● **Information shown**
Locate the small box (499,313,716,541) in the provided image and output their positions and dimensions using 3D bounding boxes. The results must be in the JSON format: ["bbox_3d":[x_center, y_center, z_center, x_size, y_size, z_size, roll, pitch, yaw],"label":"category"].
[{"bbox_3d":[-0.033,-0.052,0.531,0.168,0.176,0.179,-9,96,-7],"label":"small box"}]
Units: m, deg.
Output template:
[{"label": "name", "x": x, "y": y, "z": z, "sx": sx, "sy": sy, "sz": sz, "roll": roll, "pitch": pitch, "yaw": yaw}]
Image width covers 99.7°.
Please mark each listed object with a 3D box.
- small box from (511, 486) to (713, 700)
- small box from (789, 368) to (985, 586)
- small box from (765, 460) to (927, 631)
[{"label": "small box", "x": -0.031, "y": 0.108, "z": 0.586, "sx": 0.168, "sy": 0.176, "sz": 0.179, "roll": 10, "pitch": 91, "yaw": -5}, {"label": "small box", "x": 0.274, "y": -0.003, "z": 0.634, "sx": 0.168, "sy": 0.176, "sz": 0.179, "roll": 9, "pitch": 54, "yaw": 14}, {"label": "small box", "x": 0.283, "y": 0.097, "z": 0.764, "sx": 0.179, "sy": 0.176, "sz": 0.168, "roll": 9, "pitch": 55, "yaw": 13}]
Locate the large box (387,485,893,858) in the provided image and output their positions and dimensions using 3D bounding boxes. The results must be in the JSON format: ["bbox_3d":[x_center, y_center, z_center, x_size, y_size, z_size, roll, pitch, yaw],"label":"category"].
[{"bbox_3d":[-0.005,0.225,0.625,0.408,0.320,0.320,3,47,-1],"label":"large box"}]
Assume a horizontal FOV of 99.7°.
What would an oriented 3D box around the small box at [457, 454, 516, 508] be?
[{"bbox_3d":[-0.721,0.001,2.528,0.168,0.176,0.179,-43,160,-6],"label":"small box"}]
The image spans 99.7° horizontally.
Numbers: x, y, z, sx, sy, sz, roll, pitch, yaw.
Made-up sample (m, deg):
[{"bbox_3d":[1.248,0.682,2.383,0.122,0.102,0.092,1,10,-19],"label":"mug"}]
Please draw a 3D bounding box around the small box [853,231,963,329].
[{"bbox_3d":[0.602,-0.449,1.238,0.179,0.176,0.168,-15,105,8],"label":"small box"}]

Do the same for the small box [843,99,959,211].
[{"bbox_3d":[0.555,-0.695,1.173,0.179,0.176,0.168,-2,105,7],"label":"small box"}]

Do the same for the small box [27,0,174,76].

● **Required work**
Using the listing above, reproduce each line without omission.

● **Worked solution**
Locate the small box (499,313,716,541) in the provided image and output their positions and dimensions using 3D bounding boxes. The results must be in the JSON format: ["bbox_3d":[x_center, y_center, z_center, x_size, y_size, z_size, roll, pitch, yaw],"label":"category"].
[{"bbox_3d":[-0.033,-0.052,0.531,0.168,0.176,0.179,-9,96,-7],"label":"small box"}]
Units: m, deg.
Output template:
[{"label": "name", "x": x, "y": y, "z": z, "sx": sx, "sy": sy, "sz": sz, "roll": roll, "pitch": pitch, "yaw": yaw}]
Image width covers 99.7°.
Please mark each listed object with a 3D box.
- small box from (511, 486) to (713, 700)
- small box from (789, 368) to (985, 586)
- small box from (765, 460) to (927, 631)
[{"label": "small box", "x": -0.031, "y": 0.108, "z": 0.586, "sx": 0.168, "sy": 0.176, "sz": 0.179, "roll": 10, "pitch": 91, "yaw": -5}, {"label": "small box", "x": 0.274, "y": -0.003, "z": 0.634, "sx": 0.168, "sy": 0.176, "sz": 0.179, "roll": 9, "pitch": 54, "yaw": 14}, {"label": "small box", "x": 0.283, "y": 0.097, "z": 0.764, "sx": 0.179, "sy": 0.176, "sz": 0.168, "roll": 9, "pitch": 55, "yaw": 13}]
Locate the large box (387,485,893,858) in the provided image and output their positions and dimensions using 3D bounding boxes. The results must be in the JSON format: ["bbox_3d":[x_center, y_center, z_center, x_size, y_size, z_size, roll, pitch, yaw],"label":"category"].
[{"bbox_3d":[-0.005,0.225,0.625,0.408,0.320,0.320,3,47,-1],"label":"large box"}]
Assume a horizontal FOV of 99.7°.
What would an oriented 3D box around the small box at [457, 454, 516, 508] be?
[{"bbox_3d":[-0.721,0.001,2.528,0.168,0.176,0.179,-43,160,-6],"label":"small box"}]
The image spans 99.7° horizontally.
Numbers: x, y, z, sx, sy, sz, roll, pitch, yaw.
Made-up sample (m, deg):
[{"bbox_3d":[1.248,0.682,2.383,0.122,0.102,0.092,1,10,-19],"label":"mug"}]
Please draw a 3D bounding box around the small box [853,231,963,329].
[{"bbox_3d":[0.602,-0.449,1.238,0.179,0.176,0.168,-15,105,8],"label":"small box"}]

Do the same for the small box [843,99,959,211].
[{"bbox_3d":[0.555,-0.695,1.173,0.179,0.176,0.168,-2,105,7],"label":"small box"}]

Do the same for the small box [27,0,174,76].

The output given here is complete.